Drug interactions - When taken orally, the active ingredients in cannabis can interact with enzymes in the body to increase or decrease the effect of cannabis. Special caution should be used when taking oral cannabis with the following drugs. The interaction of smoked or vaporized cannabis with these drugs is unknown, but caution is advised.

The following drugs can increase the effects of oral cannabis.
Clarithromycin (Biaxin) - antibiotic
Erythromycin (Robimycin, Ilosone, Acnasol) - antibiotic
Itraconazole (Sporanox) - antifungal
Fluconazole (Diflucan, Trican) - antifungal
Ketoconazole - antifungal
Miconazole (Monistat) - antifungal
Diltiazem (Tiazac, Cardizem, Dilacor) - high blood pressure, angina
Verapamil (Calan, Veralan, Isoptin) - cardiac arrhythmias
Amiodarone (Cordarone) - cardiac arrhythmias
Ritonavir (Norvir) - HIV protease inhibitor
Isoniazid (Nydrazid, Rifamate) - tuberculosis treatment

The following drugs can decrease or interfere with the effects of oral cannabis
Rifampicin (Rifampin, Rifadin, Rifater, Rimactane) - antibiotic
Carbamazepine (Tegretol, Equetro, Carbetrol) - anticonvulsant
Phenobarbital - sedative, anticonvulsant
Phenytoin (Dilantin) - anticonvulsant
Primodone (Mylosine) - anticonvulsant
Rifabutin (Mycobutin) - MAC disease
St.
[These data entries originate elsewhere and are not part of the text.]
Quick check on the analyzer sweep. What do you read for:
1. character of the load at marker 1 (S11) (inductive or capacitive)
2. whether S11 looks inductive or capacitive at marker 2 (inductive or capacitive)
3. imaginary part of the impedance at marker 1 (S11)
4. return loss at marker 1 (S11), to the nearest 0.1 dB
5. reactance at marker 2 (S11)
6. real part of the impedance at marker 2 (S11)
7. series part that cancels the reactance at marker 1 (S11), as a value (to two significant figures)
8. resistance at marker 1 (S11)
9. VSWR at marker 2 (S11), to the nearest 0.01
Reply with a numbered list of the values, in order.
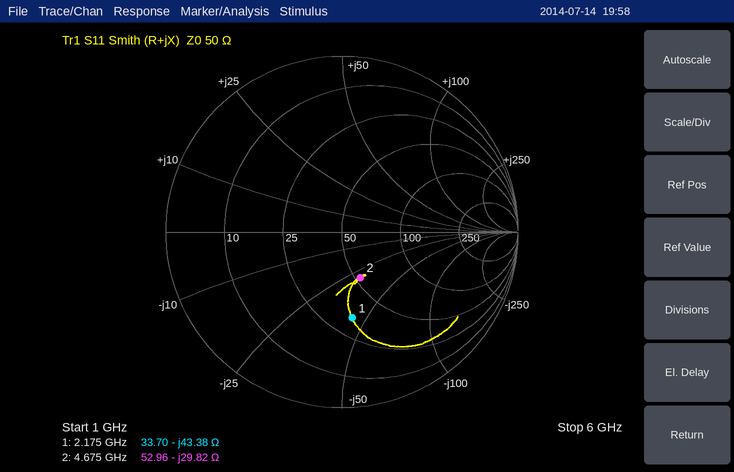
1. capacitive
2. capacitive
3. -43.38 Ω
4. 6.2 dB
5. -29.82 Ω
6. 52.96 Ω
7. 3.2 nH
8. 33.70 Ω
9. 1.78
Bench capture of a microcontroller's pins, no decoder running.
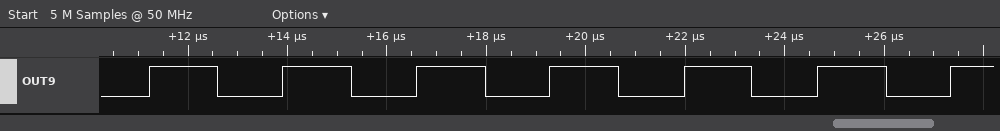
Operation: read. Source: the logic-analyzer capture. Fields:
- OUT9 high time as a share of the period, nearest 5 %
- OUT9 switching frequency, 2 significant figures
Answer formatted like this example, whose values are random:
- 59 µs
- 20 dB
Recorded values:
- 50 %
- 370 kHz
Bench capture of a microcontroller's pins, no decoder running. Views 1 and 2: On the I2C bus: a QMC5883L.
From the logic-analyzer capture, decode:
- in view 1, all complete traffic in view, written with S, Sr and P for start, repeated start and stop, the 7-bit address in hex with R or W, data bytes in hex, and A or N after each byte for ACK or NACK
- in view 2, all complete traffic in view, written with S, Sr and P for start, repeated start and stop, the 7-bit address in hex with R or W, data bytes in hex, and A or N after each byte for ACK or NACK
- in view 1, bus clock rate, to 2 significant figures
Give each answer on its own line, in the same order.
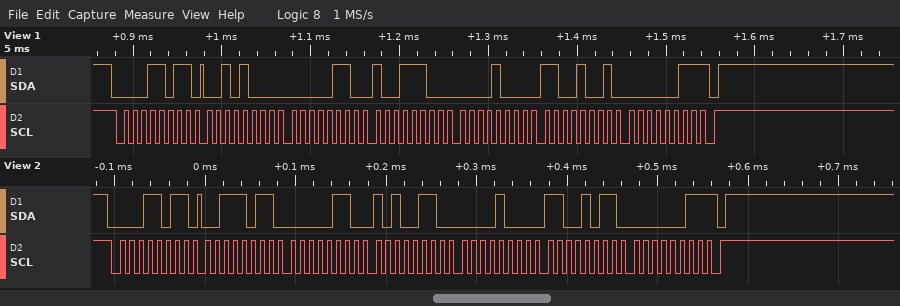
S 0DR A 28 A 06 A 9C A 08 A C9 A 03 N P
S 0DR A 3B A 06 A A6 A 08 A CB A 03 N P
100 kHz

John’s Wort - herbal antidepressant

Additionally, cannabis (smoked, oral, or vaporized) increases the effects of alcohol, benzodiazepines (Valium, Xanax, Restoril, Librium, Ativan, Lorimet, Halcion, etc.) and opiates (morphine, Fentanyl, codeine, etc.).

Because THC is strongly bound to plasma proteins, caution is advised when taking other medications that are also strongly bound to plasma proteins.

Please take the time to discuss the information provided with your physician. Medicate smart."